Dataset entries
********
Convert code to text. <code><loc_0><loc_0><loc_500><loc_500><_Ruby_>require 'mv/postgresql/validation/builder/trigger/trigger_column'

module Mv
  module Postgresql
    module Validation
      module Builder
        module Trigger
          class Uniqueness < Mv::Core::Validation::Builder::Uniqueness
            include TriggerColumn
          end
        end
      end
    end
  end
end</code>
********
# Task brief
The answer is the line containing "include TriggerColumn" together with every line after it in the records, repeated exactly and with nothing else.

# Answer section
            include TriggerColumn
          end
        end
      end
    end
  end
end</code>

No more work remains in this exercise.